(Record excerpts begins)

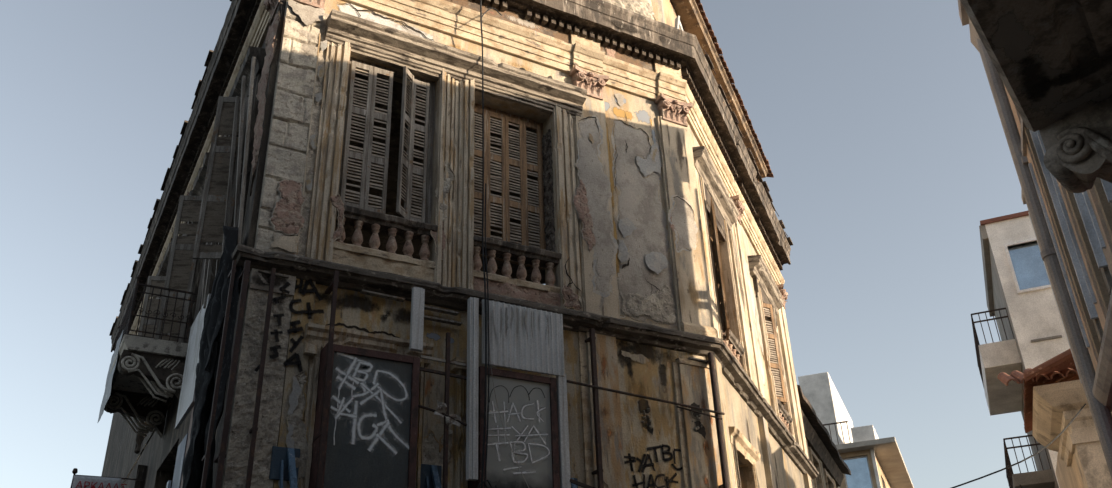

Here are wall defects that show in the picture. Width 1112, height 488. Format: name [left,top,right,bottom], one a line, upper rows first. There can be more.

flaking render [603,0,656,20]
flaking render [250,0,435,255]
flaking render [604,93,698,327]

(Record excerpts ends)
(Record excerpts begins)

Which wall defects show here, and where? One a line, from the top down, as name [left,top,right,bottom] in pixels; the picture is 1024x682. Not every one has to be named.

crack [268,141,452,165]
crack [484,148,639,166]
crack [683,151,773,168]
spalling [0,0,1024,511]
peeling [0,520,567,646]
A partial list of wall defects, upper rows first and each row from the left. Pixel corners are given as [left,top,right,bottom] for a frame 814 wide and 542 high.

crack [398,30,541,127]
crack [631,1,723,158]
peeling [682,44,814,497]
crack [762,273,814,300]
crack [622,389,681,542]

(Record excerpts ends)
(Record excerpts begins)

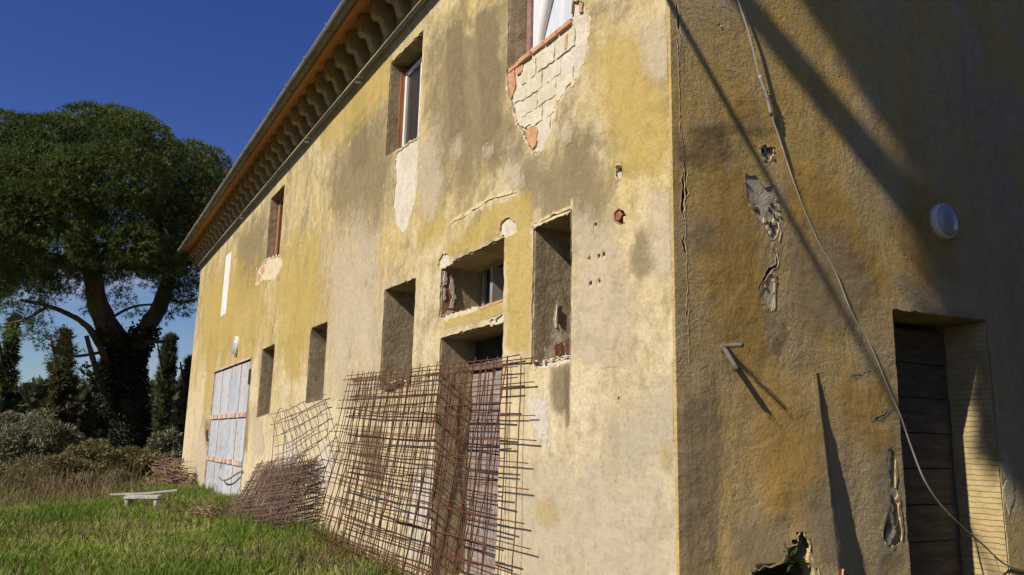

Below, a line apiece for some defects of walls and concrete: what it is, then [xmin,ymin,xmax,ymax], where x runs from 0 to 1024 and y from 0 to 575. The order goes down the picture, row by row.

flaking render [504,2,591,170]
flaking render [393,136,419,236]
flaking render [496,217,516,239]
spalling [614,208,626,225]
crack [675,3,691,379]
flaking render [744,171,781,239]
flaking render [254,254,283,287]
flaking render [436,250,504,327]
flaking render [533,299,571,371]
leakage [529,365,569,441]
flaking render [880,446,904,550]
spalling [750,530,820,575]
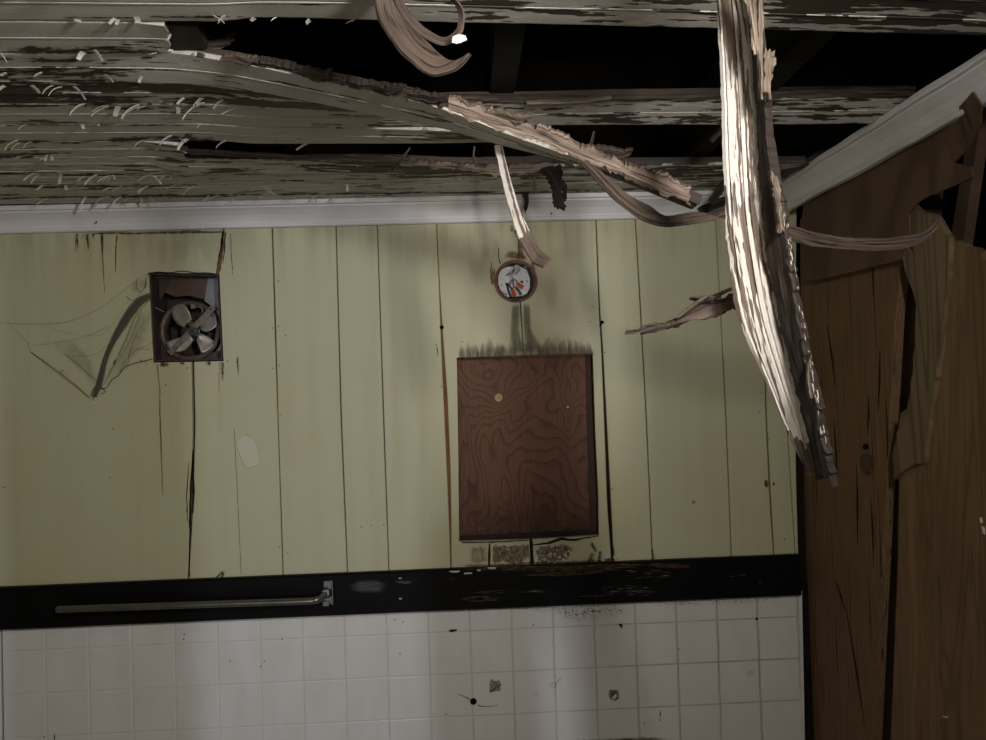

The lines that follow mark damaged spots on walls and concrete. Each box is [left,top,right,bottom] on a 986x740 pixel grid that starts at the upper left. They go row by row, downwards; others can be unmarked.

(Record excerpts ends)

- **Exercise brief**: Your reply should hold nothing but the lines above, from the one containing "Below, a line" to the one containing "The lines that", reproduced exactly minus the pictures.

- **The completed task**:
Below, a line apiece for some defects of walls and concrete: what it is, then [xmin,ymin,xmax,ymax], where x runs from 0 to 1024 and y from 0 to 575. The order goes down the picture, row by row.

flaking render [504,2,591,170]
flaking render [393,136,419,236]
flaking render [496,217,516,239]
spalling [614,208,626,225]
crack [675,3,691,379]
flaking render [744,171,781,239]
flaking render [254,254,283,287]
flaking render [436,250,504,327]
flaking render [533,299,571,371]
leakage [529,365,569,441]
flaking render [880,446,904,550]
spalling [750,530,820,575]

The lines that follow mark damaged spots on walls and concrete. Each box is [left,top,right,bottom] on a 986x740 pixel grid that starts at the upper left. They go row by row, downwards; others can be unmarked.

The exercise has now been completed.